DeGeronimo noted that today's running attire is designed to keep runners cool by wicking away moisture and advised runners to avoid that kind of clothing, if possible. Though many runners will probably overheat in a windbreaker or jacket, light running gear that keeps the athlete warm during the cool night race would be ideal, she said.
Staying warm during the race could help runners avoid a case of the sniffles, but more importantly, both trainers said, approaching a race with warmed-up muscles is the best way to avoid injuries during a run.
Raczkowski likes to do moving, dynamic warm-up stretching exercises — not the traditional static stretch-and-hold variety — before a race to get blood into her muscles and loosen them at the same time. Examples are butt-kickers, high-knees and "Frankenstein kicks," in which runners walk while kicking the outstretched palms of their hands.
At the Moonlight Run, DeGeronimo will lead the pre-race warm-up, incorporating dynamic stretching followed by static stretching, but she said runners should use a foam roller on their muscles at home even before the warm-up session. They can even get their blood flowing with a hot shower.
Just like any race, the Moonlight Run can be as serious as the runner makes it. For most runners (and especially walkers), it represents a great opportunity to have fun bounding along the marshy trails by the light of the moon — with or without dramatic flashes of lightning.
What:The 29th Annual Moonlight Run, sponsored by the Palo Alto Weekly and City of Palo Alto
When:Friday, Sept. 20, 7-10 p.m. under the full Harvest moon. (Race-night registration tables open at 6 p.m. 5k walk starts at 7 p.m., 10k run starts at 8:15 p.m. and 5k run starts at 8:45 p.m.)

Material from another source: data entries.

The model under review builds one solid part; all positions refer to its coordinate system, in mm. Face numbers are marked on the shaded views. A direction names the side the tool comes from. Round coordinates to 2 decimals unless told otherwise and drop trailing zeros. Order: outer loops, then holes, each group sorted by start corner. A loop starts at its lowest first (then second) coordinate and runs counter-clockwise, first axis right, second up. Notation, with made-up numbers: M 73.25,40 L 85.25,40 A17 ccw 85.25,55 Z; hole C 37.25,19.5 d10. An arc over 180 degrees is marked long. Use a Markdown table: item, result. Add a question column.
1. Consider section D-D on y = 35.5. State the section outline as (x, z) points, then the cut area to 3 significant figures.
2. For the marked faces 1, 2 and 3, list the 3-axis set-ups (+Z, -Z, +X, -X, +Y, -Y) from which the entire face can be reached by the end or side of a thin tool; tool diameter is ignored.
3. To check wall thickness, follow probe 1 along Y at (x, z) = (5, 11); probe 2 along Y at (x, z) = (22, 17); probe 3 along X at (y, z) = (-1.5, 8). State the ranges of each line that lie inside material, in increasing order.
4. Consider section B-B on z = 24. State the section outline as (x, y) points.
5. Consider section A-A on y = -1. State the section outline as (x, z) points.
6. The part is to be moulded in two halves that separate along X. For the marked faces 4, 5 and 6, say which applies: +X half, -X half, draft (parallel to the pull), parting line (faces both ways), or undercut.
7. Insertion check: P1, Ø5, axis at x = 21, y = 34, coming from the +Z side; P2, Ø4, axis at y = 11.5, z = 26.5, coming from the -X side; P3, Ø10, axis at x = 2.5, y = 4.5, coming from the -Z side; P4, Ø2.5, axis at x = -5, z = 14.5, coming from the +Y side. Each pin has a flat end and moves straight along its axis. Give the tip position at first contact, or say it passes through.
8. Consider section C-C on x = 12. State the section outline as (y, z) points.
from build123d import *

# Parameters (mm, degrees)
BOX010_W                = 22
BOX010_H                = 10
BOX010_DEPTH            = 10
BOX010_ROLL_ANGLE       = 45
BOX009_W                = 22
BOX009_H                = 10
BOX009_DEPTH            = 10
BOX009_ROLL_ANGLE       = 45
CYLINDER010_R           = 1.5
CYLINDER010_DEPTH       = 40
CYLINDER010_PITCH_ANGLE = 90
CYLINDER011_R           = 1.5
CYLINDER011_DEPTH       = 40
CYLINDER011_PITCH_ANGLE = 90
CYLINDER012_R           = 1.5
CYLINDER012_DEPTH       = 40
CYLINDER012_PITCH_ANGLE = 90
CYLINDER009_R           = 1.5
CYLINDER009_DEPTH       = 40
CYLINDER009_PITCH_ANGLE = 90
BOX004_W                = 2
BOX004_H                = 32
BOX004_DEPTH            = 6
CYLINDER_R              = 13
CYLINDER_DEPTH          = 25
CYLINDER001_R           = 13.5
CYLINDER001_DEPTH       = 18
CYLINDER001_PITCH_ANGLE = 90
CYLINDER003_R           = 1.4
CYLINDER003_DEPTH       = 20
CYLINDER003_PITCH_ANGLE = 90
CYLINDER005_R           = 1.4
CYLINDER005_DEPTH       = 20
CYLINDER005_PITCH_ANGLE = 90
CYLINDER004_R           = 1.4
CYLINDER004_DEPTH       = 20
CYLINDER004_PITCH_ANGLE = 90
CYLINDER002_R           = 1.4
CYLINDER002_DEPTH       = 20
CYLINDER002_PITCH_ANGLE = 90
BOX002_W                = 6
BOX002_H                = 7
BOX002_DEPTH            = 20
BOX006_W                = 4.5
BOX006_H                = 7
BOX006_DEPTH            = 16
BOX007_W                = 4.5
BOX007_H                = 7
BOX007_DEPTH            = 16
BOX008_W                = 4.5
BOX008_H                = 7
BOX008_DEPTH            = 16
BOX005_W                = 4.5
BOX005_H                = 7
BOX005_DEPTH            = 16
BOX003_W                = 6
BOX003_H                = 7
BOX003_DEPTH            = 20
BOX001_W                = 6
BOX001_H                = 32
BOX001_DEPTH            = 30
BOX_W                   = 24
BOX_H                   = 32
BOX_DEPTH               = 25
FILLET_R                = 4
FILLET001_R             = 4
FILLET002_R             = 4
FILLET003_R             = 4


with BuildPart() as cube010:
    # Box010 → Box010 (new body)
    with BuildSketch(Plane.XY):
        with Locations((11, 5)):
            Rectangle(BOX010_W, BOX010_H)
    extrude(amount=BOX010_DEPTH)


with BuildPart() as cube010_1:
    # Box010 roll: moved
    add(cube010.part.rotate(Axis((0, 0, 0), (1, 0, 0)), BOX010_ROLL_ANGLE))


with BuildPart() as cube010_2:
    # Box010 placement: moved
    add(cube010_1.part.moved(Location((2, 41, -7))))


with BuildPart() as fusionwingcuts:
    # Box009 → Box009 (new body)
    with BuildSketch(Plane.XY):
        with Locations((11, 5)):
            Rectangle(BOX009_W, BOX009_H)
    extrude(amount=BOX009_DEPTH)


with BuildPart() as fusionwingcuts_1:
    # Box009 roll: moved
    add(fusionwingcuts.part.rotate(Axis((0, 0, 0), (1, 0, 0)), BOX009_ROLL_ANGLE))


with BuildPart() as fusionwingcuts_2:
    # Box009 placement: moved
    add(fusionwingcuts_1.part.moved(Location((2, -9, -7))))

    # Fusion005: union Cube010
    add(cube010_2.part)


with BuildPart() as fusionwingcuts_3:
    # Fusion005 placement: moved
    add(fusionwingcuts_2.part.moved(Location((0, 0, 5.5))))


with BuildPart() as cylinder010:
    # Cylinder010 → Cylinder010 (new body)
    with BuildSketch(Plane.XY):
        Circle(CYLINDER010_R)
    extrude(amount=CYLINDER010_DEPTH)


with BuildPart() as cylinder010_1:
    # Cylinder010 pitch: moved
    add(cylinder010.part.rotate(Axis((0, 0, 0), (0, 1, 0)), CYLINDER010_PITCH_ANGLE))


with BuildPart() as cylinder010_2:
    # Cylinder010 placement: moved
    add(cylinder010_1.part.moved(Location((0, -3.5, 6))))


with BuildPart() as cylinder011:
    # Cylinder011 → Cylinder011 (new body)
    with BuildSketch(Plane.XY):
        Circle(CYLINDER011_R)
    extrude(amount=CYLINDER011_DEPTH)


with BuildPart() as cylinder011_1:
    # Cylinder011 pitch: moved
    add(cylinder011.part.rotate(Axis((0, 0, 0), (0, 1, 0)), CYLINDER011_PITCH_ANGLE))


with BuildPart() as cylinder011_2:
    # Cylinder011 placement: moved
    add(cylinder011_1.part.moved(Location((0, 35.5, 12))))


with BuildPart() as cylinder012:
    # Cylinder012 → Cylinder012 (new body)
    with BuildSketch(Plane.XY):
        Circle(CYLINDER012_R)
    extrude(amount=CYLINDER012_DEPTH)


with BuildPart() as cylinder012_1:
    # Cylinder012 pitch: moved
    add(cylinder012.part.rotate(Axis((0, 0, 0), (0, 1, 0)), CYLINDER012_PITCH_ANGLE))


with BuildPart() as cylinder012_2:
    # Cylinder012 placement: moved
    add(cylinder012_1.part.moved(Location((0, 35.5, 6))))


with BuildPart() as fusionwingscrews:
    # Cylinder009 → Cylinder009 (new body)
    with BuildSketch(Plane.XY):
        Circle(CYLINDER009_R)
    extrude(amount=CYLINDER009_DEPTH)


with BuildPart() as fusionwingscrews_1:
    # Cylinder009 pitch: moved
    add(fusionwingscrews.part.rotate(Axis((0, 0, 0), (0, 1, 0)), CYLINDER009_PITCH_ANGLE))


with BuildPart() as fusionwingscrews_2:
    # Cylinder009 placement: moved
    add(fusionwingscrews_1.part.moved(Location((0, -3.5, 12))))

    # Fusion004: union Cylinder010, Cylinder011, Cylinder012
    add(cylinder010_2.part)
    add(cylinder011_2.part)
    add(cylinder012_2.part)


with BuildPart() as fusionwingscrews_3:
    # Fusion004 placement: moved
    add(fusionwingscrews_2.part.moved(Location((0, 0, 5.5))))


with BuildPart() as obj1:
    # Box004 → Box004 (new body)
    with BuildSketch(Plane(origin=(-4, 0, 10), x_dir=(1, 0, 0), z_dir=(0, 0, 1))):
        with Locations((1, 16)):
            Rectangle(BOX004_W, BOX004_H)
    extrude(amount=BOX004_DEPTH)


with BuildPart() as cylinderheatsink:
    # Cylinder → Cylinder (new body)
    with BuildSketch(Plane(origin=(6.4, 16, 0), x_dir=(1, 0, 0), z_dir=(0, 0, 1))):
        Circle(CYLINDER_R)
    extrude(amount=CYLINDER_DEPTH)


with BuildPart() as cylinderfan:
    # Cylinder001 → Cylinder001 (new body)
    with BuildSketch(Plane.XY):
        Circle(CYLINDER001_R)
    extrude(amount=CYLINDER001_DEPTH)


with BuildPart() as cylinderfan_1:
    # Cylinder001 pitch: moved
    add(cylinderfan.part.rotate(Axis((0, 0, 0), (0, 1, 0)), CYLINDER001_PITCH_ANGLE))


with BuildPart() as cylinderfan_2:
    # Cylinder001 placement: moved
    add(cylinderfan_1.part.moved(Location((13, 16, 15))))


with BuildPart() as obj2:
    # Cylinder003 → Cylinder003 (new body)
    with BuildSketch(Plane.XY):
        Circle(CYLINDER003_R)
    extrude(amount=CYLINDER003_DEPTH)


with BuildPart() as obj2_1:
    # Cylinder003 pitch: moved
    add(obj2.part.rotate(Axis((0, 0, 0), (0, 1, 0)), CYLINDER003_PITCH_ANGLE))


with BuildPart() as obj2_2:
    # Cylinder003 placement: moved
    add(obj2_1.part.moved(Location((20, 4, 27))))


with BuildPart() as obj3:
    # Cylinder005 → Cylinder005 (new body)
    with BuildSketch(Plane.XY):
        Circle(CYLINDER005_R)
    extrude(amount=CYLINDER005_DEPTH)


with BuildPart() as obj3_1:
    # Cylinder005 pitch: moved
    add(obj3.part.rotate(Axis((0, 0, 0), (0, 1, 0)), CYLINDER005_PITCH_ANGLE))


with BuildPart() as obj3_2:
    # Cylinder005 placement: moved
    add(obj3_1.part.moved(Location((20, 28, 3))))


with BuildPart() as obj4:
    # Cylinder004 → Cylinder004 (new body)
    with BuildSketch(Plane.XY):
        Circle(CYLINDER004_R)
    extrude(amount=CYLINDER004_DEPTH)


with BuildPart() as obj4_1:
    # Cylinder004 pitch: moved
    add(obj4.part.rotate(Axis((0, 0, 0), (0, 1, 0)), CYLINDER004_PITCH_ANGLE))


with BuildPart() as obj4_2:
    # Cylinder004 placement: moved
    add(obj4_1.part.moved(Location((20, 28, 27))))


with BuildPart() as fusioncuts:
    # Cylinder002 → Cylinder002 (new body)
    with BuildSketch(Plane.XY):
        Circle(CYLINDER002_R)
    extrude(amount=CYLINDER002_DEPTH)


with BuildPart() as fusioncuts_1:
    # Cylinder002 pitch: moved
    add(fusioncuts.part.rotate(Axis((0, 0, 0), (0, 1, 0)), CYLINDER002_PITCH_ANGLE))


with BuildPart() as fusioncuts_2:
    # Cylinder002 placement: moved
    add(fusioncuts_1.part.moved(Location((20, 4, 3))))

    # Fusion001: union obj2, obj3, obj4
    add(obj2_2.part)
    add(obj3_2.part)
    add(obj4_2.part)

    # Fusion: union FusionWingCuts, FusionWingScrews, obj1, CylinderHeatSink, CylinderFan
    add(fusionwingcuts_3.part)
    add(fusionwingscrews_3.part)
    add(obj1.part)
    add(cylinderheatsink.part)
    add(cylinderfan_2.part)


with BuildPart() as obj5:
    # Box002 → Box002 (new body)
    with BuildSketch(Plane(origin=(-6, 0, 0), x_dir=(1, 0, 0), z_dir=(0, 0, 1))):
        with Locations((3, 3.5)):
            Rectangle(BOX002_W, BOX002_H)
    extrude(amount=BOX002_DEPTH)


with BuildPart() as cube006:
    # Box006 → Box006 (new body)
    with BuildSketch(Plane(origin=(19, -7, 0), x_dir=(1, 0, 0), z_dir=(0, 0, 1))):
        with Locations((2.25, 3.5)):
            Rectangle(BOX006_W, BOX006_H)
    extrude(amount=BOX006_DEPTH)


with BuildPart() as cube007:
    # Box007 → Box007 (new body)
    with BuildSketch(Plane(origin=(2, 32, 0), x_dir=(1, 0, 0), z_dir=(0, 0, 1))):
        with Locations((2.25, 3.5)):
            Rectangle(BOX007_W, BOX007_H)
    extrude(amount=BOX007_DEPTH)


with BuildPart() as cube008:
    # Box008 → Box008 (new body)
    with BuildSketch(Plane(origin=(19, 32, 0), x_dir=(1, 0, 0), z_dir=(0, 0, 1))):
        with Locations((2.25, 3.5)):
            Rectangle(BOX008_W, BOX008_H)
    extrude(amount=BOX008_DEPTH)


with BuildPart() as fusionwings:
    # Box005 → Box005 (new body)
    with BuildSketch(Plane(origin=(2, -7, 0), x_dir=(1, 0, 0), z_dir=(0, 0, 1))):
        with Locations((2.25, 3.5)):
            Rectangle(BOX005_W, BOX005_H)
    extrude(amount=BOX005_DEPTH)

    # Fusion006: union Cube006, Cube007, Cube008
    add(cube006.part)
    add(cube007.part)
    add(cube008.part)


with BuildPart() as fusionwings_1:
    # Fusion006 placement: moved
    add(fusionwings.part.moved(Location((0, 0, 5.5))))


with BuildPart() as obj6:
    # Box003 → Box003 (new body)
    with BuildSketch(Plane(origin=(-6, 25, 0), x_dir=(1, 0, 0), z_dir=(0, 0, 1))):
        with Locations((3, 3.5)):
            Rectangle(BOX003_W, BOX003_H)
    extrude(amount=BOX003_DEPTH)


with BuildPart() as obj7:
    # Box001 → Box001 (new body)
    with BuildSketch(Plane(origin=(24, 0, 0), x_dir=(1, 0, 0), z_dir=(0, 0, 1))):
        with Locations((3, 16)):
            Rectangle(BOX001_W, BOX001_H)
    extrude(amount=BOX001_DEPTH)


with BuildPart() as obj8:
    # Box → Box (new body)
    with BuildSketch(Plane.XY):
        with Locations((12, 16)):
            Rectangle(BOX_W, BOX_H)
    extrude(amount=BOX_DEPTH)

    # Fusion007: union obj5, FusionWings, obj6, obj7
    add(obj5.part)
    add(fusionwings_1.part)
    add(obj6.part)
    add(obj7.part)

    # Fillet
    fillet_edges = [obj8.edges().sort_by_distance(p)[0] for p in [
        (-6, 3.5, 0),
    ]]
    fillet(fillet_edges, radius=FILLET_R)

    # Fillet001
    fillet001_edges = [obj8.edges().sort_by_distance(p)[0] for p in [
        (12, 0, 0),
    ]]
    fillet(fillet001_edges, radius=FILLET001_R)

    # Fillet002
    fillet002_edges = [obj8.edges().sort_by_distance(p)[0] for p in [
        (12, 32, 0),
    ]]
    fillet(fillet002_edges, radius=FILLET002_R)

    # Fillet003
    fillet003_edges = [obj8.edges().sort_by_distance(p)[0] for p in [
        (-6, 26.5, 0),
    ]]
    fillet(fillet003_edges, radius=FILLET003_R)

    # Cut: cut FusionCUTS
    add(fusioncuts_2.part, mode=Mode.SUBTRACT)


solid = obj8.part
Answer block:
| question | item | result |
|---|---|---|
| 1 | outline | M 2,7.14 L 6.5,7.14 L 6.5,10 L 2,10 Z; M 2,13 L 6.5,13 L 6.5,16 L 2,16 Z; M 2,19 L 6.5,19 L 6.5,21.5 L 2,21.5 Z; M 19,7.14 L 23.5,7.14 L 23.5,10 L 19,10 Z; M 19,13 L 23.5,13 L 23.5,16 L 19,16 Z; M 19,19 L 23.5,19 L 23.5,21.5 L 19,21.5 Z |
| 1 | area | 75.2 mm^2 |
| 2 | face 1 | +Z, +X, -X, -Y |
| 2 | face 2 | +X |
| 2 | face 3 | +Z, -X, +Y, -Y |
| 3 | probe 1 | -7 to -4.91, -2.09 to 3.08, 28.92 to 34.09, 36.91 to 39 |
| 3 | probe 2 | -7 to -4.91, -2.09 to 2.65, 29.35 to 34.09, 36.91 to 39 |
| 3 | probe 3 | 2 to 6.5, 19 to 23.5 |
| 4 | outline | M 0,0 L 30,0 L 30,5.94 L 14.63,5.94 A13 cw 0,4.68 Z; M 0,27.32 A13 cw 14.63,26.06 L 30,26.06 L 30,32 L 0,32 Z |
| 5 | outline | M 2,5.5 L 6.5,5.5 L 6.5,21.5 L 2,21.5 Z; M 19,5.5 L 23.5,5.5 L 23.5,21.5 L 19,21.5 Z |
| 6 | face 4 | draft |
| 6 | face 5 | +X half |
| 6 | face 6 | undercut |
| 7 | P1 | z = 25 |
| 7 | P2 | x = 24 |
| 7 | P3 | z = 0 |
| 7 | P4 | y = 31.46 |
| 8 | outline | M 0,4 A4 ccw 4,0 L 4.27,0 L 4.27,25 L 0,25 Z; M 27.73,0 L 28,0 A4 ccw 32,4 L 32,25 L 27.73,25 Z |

Where:Baylands Athletic Center at 1900 Geng Road (at Embarcadero Road), Palo Alto.
Registration and entry fee:
Adult (13+)registration fee is $30 per entrant by Sept. 13. Includes a long-sleeved t-shirt.
Youth (6-12) registration is $20 per entrant by Sept. 13. Includes a long-sleeved T-shirt.
Youth (5 and under) run free with an adult but must be registered through Eventbrite with signed parental guardian waiver, or may bring/fill out a signed waiver to race-night registration.
Late registration fee is $35 for adults, $25 for youth from Sept. 14-18. T-shirts available only while supplies last.
Race-night registration fee is $40 for adult; $30 for youth from 6 to 8 p.m. T-shirts available only while supplies last.
Refunds will not be issued for no-shows, and T-shirts will not be held.